The “swag” (miscellaneous) barrow is one of the objects in the streets which attracts, perhaps more readily than any other, the regards of the passer-by. There are so many articles and of such various uses; they are often so closely packed, so new and clean looking, and every here and there so tastefully arranged, that this street-trader’s barrow really repays an examination. Here are spread on the flat part of the barrow, pepper-cruets or boxes, tea-caddies, nutmeg-graters, vinegar-cruets, pen-cases, glass or china-handled pens, pot ornaments, beads, ear-rings, finger-rings (plain or with “stones”), cases of scent-bottles, dolls, needle-cases, pincushions, Exhibition medals and “frames” (framed pictures), watches, shawl-pins, extinguishers, trumpets and other toys, kaleidoscopes, seals, combs, lockets, thimbles, bone tooth-picks, small playing-cards, teetotums, shuttle-cocks, key-rings, shirt-studs or buttons, hooks and eyes, coat-studs, money-boxes, spoons, boxes of toys, earthenware-mugs, and glass articles, such as salt-cellars and smelling-bottles. On one barrow were 225 articles.
At the back and sides of the swag-barrow are generally articles which are best displayed in an erect position. These are children’s wooden swords, whips, climbing monkeys, and tumblers, jointed snakes twisting to the wind from the top of a stick, kites, and such things as tin egg-holders.
Perhaps on very few barrows or stalls are to be seen all the articles I have enumerated, but they are all “in the trade,” and, if not found in this man’s stock, may be found in his neighbour’s. Things which attain only a temporary sale, such as galvanic rings, the Lord’s Prayer in the compass of a sixpence, gutta-percha heads, &c., are also to be found, during the popular demand, in the miscellaneous trader’s stock.

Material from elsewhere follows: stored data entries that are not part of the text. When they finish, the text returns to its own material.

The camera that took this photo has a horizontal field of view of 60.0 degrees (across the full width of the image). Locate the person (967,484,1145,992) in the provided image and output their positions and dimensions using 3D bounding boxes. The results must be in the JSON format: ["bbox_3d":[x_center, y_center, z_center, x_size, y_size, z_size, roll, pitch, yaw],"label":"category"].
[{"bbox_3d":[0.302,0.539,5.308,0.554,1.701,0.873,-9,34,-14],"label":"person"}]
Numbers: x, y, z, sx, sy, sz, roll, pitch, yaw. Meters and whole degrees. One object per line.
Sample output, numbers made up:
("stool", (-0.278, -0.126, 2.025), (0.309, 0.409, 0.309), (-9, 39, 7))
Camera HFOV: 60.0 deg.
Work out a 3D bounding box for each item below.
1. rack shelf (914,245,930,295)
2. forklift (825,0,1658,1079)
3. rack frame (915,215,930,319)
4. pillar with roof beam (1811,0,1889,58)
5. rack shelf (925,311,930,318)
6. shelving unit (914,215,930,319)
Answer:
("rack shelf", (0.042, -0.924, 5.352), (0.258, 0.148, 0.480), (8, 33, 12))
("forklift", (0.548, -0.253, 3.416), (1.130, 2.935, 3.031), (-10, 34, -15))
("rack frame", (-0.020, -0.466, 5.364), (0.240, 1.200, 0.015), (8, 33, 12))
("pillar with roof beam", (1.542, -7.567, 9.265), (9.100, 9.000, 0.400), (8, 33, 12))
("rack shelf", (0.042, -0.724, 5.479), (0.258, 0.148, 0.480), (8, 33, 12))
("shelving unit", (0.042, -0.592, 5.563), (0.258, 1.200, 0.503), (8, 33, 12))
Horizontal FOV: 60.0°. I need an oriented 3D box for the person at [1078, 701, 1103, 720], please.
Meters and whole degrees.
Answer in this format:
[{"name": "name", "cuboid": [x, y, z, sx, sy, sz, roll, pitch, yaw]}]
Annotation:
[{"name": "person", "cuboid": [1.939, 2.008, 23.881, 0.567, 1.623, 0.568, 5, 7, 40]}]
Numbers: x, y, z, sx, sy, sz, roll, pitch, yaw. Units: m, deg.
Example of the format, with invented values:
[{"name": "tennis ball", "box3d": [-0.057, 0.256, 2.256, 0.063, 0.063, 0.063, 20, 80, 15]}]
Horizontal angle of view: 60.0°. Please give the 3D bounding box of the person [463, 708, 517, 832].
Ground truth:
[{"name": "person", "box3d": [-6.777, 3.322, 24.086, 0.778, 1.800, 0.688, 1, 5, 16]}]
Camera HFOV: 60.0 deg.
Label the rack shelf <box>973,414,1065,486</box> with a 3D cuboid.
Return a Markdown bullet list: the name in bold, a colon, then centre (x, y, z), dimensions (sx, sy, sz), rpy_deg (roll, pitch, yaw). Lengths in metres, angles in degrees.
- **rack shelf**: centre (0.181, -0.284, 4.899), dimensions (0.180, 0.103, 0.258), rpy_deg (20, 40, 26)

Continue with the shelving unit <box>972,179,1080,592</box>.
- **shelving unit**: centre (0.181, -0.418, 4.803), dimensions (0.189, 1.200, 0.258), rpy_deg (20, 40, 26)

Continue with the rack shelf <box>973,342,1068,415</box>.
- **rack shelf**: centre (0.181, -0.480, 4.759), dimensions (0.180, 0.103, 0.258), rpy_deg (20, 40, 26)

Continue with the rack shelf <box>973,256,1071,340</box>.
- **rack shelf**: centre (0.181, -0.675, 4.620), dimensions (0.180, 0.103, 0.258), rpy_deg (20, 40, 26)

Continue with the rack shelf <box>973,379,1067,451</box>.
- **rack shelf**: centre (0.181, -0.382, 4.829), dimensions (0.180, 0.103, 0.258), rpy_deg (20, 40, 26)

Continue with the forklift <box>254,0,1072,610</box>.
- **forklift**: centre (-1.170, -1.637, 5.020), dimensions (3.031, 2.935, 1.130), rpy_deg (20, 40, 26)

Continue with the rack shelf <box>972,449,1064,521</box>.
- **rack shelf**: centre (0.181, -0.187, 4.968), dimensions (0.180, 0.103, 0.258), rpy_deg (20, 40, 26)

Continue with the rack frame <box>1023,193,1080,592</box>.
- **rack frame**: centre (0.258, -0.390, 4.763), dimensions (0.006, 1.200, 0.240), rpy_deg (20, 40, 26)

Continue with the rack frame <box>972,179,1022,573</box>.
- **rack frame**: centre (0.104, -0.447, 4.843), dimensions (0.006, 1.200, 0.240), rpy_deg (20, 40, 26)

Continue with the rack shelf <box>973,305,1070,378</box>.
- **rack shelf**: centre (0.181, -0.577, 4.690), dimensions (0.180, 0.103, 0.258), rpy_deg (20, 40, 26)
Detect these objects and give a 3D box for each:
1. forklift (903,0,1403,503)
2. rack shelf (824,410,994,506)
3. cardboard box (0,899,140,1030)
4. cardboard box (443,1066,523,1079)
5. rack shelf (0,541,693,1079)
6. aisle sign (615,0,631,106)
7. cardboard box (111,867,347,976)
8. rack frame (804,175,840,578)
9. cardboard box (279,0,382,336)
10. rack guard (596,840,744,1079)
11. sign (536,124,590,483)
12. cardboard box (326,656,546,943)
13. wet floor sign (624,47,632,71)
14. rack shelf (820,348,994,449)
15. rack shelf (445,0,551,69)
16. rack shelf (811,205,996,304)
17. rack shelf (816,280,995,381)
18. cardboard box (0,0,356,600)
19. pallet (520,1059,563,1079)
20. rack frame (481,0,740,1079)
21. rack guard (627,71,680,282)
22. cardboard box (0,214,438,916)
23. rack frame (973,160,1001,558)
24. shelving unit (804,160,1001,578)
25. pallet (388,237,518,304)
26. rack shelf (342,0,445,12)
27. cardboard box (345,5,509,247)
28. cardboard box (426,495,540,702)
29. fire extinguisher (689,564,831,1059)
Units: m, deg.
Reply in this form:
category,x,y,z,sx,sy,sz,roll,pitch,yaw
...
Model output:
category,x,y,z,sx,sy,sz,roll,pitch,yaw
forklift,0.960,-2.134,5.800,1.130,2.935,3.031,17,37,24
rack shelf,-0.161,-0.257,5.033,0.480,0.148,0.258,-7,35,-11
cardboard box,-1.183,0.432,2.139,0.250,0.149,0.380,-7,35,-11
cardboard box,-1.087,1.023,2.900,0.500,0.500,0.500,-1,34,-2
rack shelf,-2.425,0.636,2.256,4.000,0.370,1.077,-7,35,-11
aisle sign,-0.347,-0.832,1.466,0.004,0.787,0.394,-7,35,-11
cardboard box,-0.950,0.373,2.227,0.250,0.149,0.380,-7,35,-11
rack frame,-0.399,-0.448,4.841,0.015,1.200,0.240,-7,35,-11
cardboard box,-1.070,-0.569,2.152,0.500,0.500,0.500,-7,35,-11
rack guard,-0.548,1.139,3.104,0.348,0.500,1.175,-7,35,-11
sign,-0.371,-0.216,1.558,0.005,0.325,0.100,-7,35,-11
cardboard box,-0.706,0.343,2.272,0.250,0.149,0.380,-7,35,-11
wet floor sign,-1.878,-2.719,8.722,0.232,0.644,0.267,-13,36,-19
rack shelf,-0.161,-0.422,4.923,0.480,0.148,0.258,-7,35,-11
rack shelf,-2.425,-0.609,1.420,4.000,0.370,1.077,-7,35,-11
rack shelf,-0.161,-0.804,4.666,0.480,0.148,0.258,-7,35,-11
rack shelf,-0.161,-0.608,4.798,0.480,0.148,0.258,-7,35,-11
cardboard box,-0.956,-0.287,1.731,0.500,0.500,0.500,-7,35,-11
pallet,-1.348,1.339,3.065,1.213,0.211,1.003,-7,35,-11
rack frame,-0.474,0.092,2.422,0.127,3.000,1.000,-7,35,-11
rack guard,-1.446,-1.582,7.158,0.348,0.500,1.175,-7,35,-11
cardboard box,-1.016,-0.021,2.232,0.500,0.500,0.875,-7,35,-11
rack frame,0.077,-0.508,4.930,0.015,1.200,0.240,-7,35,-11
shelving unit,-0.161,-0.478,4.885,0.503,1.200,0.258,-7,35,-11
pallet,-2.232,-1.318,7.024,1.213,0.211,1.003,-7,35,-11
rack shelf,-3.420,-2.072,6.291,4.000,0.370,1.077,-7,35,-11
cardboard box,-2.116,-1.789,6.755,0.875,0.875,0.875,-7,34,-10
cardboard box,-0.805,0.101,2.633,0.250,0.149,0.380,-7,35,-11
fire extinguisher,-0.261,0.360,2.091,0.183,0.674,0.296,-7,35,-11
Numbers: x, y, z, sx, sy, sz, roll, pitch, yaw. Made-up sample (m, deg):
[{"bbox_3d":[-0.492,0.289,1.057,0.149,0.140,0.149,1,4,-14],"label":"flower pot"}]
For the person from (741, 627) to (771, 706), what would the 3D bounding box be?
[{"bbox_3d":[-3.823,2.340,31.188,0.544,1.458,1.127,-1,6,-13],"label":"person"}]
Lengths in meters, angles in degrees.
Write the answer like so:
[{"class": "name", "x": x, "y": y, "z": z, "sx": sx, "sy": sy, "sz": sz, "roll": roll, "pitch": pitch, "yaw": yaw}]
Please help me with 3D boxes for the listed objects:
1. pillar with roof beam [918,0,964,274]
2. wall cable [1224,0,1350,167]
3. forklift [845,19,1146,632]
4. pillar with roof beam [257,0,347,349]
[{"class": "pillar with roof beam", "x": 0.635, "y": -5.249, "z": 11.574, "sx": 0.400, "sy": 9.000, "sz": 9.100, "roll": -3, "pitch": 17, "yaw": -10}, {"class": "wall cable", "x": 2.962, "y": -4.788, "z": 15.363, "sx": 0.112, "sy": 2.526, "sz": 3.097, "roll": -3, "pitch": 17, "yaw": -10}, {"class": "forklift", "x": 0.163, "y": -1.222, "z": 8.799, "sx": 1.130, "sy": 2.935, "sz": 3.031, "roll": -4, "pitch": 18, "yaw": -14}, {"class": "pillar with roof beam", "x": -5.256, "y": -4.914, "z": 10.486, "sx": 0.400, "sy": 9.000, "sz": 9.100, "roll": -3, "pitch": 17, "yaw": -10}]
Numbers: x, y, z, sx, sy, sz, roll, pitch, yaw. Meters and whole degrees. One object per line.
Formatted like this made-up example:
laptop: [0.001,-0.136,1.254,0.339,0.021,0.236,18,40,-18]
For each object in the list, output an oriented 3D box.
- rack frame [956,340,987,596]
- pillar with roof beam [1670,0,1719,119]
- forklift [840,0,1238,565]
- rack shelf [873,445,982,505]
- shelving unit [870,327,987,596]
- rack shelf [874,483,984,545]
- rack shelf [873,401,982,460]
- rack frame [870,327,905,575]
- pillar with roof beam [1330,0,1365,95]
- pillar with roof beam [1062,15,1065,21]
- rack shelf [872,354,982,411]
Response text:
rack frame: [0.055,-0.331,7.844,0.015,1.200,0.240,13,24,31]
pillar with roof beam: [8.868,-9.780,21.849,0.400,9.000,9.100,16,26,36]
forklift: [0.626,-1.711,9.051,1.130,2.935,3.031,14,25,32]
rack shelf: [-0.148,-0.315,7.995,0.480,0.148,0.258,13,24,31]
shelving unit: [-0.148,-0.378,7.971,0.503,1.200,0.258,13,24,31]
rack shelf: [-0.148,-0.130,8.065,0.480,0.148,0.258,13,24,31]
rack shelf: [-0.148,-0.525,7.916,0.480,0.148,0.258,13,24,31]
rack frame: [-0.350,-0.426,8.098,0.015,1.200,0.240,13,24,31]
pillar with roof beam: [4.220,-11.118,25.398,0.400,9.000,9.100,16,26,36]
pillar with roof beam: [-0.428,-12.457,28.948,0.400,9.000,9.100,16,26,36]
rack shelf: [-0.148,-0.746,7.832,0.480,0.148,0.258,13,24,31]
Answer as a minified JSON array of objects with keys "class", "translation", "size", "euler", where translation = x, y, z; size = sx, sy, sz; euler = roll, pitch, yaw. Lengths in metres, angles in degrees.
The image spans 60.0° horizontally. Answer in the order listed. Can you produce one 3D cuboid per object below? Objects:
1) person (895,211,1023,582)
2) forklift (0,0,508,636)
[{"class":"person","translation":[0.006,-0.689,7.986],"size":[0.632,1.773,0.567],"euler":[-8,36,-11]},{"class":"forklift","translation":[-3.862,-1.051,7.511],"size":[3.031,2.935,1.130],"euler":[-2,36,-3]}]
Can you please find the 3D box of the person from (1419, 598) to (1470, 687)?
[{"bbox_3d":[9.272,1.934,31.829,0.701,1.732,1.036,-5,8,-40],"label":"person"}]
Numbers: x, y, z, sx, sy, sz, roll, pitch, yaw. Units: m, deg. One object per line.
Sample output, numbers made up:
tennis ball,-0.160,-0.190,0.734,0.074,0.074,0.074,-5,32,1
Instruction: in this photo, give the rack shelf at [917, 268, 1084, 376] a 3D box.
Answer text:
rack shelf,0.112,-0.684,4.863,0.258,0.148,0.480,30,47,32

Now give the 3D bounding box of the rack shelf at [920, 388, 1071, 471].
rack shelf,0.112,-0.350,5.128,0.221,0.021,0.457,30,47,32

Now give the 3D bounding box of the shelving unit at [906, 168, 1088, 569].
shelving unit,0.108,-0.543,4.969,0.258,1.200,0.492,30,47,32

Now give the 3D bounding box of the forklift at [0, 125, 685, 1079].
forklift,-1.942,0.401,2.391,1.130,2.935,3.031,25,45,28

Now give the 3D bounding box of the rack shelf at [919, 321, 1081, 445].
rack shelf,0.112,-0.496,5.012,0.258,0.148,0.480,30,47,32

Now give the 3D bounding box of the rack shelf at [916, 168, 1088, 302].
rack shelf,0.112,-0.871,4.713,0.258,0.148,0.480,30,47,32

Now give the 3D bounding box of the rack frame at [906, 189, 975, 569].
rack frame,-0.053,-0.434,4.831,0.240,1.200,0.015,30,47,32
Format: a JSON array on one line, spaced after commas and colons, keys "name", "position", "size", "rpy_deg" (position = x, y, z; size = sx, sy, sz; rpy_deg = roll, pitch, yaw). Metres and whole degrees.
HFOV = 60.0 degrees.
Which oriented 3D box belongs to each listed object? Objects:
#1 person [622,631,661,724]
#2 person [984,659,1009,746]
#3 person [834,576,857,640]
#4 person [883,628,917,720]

Each of the articles enumerated is retailed at 1d. “Only a penny!” is the cry, “pick ’em out anywhere; wherever your taste lies; only a penny, a penny, a penny!” But on a few other barrows are goods, mixed with the “penny” wares, of a higher price; such as knives and forks, mustard pots, sham beer glasses (the glasses which appear to hold beer frothing to the brim), higher-priced articles of jewellery, skipping-ropes, drums, china ornaments, &c. At these barrows the prices run from 1d. to 1s.
The practice of selling by commission, the same as I have shown to prevail among the costers, exists among the miscellaneous dealers of whom I am treating, who are known among street-folk as “swag-barrowmen,” or, in the popular ellipsis, “penny swags;” the word “swag” meaning, as I before showed, a collection—a lot.
The “swag-men” are often confounded with the “lot-sellers”; so that I proceed to show the difference.
The Lot-Sellers proper, are those who vend a variety of small articles, or “a lot,” all for 1d. A “lot” frequently consists of a sheet of songs, a Chinese puzzle, a 5l. note (Bank of Elegance), an Exhibition snuff-box (containing 6 spoons), a half jack (half sovereign), a gold ring, a silver ring, and a chased keeper with rose, thistle, and shamrock on it. The lots are diversified with packs of a few cards, little pewter ornaments, boxes of small wooden toys, shirt-buttons, baby thimbles, beads, tiny scent bottles, and such like.
The “penny apiece” or “swag” trade, as contradistinguished from the “penny lots” vended by the lot-sellers, was originated by a man who, some 19 years ago, sold a variety of trifles from a tea-tray in Petticoat-lane. My informant had heard him say—for the original “penny apiece” died four years ago—that he did it to get rid of the odds and ends of his stock. The system, however, at once attracted popularity, and the fortunate street-seller prospered and “died worth money.” At that period penny goods (excepting such things as sweet-stuffs, pastry, &c.) were far less numerous in the streets, and yet I have never met with an old street-trader (a statement fully borne out by old and intelligent mechanics) who did not pronounce spare pennies to be far more abundant in those days among the poorer and even middle classes. There were, moreover, far fewer street chapmen, so that this novel mode of business had every chance to thrive.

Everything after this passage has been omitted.